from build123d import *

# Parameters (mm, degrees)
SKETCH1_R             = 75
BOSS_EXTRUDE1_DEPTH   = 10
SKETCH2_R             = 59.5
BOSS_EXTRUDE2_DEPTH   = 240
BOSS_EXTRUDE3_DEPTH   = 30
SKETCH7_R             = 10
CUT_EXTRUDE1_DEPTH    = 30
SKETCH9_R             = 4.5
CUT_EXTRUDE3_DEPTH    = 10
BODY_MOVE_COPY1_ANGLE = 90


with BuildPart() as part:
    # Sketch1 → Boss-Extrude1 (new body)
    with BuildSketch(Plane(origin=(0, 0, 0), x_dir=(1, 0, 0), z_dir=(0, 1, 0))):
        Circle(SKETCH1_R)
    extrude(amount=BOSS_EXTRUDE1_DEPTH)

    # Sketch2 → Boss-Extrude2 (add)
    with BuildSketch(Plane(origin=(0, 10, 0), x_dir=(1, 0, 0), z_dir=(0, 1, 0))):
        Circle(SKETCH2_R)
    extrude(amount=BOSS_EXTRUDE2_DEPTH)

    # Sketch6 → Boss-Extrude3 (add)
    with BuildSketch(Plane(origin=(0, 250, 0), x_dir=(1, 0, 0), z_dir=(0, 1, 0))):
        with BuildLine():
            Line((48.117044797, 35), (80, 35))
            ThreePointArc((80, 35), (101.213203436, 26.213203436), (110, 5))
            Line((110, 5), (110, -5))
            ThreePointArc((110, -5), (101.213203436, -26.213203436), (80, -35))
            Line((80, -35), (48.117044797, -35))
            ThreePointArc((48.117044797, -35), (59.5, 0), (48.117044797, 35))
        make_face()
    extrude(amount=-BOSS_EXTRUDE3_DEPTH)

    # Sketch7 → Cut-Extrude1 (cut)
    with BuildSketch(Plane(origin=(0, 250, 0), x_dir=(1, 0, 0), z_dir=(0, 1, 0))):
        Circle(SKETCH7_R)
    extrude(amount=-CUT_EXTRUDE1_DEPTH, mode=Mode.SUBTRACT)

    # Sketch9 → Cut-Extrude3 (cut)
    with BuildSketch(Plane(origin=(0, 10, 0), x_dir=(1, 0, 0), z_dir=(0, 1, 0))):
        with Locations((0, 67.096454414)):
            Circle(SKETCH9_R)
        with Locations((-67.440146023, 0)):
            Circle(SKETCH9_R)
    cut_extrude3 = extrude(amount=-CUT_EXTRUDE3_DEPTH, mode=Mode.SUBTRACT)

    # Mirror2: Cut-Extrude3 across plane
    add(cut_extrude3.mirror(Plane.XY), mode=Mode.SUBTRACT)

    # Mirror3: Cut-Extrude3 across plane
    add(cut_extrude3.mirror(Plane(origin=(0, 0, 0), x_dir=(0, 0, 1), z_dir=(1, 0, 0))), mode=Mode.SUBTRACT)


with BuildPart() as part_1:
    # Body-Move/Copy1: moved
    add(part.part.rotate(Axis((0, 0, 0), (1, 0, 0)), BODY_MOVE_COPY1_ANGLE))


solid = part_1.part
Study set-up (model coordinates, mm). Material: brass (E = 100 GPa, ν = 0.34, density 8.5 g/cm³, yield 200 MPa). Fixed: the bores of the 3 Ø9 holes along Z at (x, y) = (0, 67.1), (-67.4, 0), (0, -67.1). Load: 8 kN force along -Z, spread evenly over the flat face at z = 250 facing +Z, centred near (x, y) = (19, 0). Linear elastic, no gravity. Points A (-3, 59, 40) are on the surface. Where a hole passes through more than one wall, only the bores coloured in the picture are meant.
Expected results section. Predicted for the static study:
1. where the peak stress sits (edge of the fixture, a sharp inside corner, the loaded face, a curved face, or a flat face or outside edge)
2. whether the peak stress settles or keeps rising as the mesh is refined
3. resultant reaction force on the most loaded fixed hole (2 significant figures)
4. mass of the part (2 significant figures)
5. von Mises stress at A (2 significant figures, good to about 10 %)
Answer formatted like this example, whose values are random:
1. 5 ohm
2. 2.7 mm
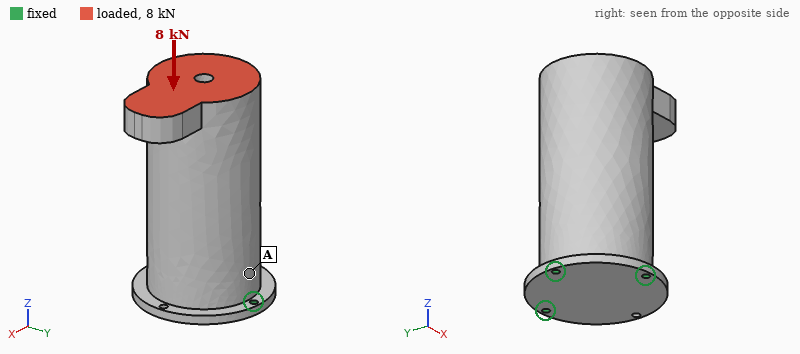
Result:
1. edge of the fixture
2. keeps rising
3. 5.5 kN
4. 25 kg
5. 4.1 MPa
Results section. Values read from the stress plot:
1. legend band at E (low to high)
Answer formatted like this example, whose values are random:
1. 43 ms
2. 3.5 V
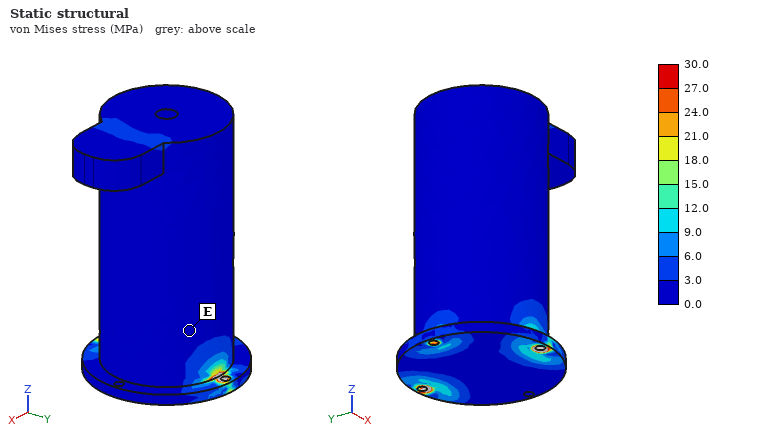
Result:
1. 0.0 to 3.0 MPa
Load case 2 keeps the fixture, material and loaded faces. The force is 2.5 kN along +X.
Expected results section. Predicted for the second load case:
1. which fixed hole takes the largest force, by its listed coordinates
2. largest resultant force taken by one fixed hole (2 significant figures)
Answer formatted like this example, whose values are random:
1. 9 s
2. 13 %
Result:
1. (-67.4, 0)
2. 9.8 kN
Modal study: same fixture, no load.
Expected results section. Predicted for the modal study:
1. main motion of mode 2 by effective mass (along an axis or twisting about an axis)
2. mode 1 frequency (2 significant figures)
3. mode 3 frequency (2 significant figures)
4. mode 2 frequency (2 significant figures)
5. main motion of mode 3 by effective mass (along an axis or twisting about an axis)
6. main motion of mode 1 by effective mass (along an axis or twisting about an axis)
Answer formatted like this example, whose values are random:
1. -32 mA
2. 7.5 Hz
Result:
1. along Y
2. 240 Hz
3. 1200 Hz
4. 400 Hz
5. along Z
6. along X
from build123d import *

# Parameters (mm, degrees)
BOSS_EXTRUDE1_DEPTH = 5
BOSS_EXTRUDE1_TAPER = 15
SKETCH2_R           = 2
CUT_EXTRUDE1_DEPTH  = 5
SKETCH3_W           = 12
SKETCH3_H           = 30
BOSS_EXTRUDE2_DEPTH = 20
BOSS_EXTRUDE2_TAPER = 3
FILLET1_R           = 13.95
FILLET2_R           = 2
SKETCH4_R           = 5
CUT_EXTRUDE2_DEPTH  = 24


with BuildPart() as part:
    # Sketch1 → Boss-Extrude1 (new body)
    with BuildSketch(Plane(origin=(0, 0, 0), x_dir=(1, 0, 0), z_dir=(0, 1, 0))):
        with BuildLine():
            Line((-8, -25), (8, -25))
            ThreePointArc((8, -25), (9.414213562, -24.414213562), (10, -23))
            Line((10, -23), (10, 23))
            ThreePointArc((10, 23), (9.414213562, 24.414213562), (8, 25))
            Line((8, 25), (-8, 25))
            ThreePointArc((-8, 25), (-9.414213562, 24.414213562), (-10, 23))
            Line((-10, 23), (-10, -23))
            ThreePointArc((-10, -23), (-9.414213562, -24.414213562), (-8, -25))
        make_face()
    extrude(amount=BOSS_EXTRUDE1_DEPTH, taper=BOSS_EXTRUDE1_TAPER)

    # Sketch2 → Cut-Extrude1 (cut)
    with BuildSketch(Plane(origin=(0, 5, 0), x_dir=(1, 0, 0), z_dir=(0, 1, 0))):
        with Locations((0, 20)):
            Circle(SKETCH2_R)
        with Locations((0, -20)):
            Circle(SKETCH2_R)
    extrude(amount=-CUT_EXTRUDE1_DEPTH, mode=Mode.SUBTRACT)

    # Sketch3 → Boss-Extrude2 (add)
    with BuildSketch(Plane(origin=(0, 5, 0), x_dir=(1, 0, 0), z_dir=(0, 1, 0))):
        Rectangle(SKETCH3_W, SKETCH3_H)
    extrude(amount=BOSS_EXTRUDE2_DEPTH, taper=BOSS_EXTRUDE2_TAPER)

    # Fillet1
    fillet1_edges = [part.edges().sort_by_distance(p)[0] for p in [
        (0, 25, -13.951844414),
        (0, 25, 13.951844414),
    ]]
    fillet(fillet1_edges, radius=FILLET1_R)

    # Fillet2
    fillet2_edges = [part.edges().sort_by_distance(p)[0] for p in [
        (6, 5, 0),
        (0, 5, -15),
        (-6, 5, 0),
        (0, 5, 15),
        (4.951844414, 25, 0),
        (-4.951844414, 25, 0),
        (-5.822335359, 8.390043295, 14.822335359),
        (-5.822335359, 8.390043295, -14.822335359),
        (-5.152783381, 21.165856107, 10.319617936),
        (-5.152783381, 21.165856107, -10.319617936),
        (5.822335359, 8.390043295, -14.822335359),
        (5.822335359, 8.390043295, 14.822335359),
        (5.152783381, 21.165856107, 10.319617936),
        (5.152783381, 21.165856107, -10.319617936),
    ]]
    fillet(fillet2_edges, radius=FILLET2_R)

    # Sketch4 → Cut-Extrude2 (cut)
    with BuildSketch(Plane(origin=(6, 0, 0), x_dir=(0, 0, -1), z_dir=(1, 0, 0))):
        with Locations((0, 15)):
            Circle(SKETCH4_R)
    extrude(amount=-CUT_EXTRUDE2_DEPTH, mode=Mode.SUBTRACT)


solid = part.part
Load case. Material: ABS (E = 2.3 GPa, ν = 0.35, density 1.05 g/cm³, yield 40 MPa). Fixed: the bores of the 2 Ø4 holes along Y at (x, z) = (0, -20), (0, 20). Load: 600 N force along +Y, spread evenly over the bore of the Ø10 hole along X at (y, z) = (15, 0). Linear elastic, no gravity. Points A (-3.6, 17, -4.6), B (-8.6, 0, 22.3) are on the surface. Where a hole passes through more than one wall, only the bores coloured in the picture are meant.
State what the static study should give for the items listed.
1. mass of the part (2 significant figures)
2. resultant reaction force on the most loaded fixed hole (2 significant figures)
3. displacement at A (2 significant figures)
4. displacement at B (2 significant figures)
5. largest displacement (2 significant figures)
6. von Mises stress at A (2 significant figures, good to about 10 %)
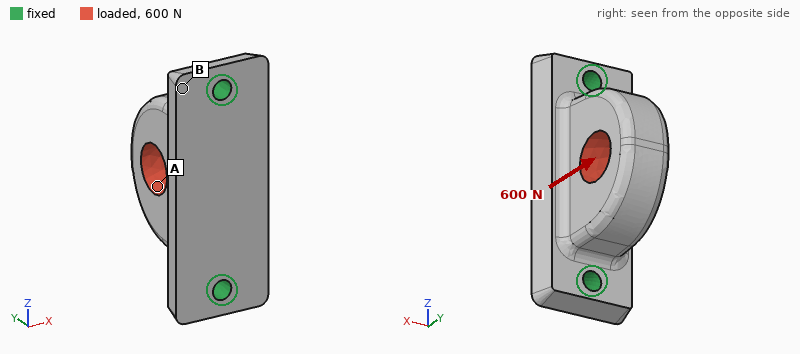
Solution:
9.6 g
340 N
90 µm
20 µm
99 µm
4.2 MPa
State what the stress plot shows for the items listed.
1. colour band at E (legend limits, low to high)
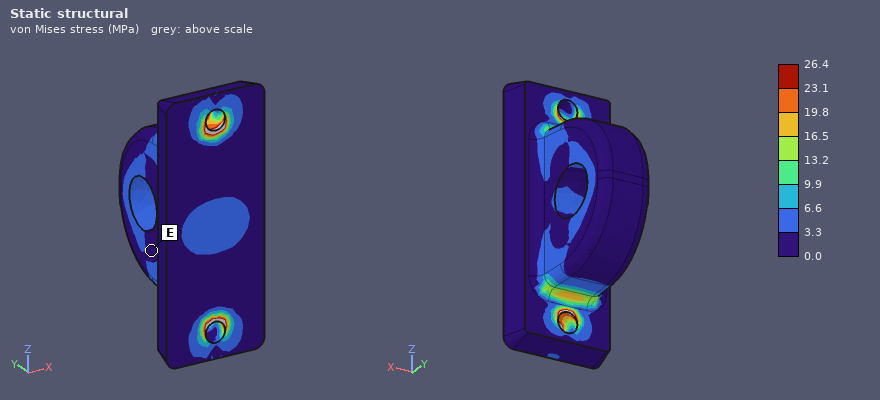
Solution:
0.0 to 3.3 MPa
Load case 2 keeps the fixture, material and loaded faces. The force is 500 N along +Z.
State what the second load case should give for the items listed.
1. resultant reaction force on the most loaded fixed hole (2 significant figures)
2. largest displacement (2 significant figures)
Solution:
310 N
90 µm
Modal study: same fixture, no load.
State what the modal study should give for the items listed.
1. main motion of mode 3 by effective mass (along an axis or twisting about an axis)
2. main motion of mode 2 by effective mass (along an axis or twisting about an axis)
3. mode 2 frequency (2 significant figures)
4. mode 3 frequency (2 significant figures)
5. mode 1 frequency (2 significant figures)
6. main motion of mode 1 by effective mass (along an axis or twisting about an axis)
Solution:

════════

* [Task requirements]:
Each line of the records above, from the first through the one containing "Circle(SKETCH1_R)", is to be retyped exactly; no other line belongs.

* [Exercise response]:
from build123d import *

# Parameters (mm, degrees)
SKETCH1_R             = 75
BOSS_EXTRUDE1_DEPTH   = 10
SKETCH2_R             = 59.5
BOSS_EXTRUDE2_DEPTH   = 240
BOSS_EXTRUDE3_DEPTH   = 30
SKETCH7_R             = 10
CUT_EXTRUDE1_DEPTH    = 30
SKETCH9_R             = 4.5
CUT_EXTRUDE3_DEPTH    = 10
BODY_MOVE_COPY1_ANGLE = 90


with BuildPart() as part:
    # Sketch1 → Boss-Extrude1 (new body)
    with BuildSketch(Plane(origin=(0, 0, 0), x_dir=(1, 0, 0), z_dir=(0, 1, 0))):
        Circle(SKETCH1_R)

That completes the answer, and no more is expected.